Internal Control And Cyber Risk Mitigation In The Regional Government Information System (SIPD): Evidence From Tabanan Regency Government, Indonesia

Abstract

The increasing adoption of digital technologies in public sector organizations has transformed regional financial management practices while simultaneously exposing local governments to growing cybersecurity risks. In Indonesia, the Regional Government Information System (Sistem Informasi Pemerintahan Daerah—SIPD) has become a strategic platform for integrating planning, budgeting, administration, and financial reporting processes. Despite the widespread implementation of SIPD, previous studies have primarily focused on administrative effectiveness and financial reporting quality, with limited attention given to the role of internal control in mitigating cyber risks within local government information systems. This study aims to analyze the role of internal control as a cyber risk mitigation mechanism in the implementation of SIPD within the Tabanan Regency Government, Indonesia. A qualitative descriptive approach was employed using secondary data obtained from official government documents, public reports, regulatory documents, and relevant academic literature. Data were analyzed through data reduction, data presentation, and conclusion drawing to identify the relationship between internal control practices and cyber risk management in SIPD implementation.
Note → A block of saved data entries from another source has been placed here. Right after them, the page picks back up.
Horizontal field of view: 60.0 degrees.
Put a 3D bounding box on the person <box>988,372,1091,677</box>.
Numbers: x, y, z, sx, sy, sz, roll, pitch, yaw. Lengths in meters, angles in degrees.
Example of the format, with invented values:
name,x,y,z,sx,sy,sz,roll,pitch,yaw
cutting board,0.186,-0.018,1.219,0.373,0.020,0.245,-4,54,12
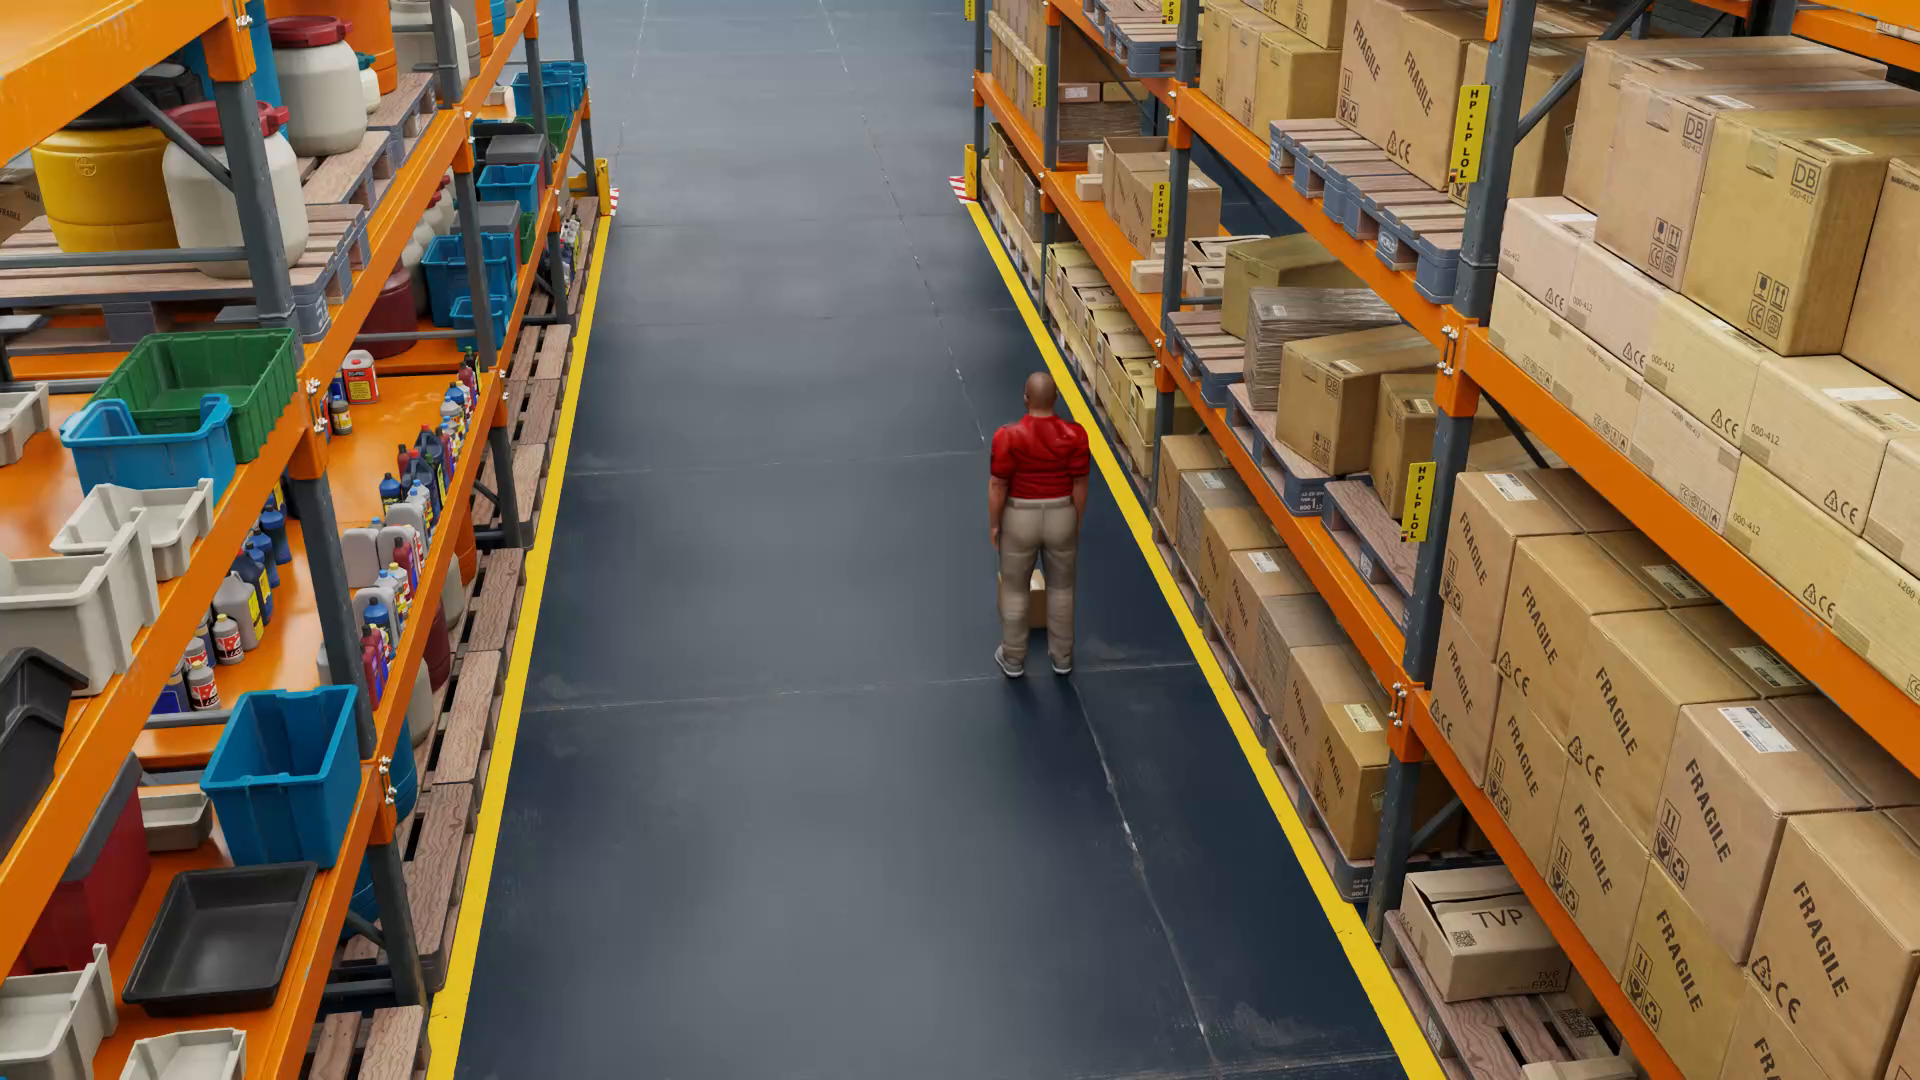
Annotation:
name,x,y,z,sx,sy,sz,roll,pitch,yaw
person,0.405,-0.091,8.820,0.528,1.727,0.362,-3,27,-5

The findings indicate that SIPD has strengthened the integration of regional financial management processes and supported the advancement of digital governance in Tabanan Regency. Furthermore, internal control contributes significantly to cyber risk mitigation by enhancing user access monitoring, ensuring data accuracy, strengthening system supervision, and protecting digital financial information from potential cybersecurity threats. Effective internal control mechanisms help maintain accountability, system reliability, and information security in digital-based financial administration. This study contributes to the literature by extending the discussion of SIPD beyond financial reporting effectiveness toward cyber governance and information security perspectives. Practically, the findings provide insights for local governments seeking to strengthen cybersecurity readiness and internal control frameworks to support sustainable digital governance and secure public financial management.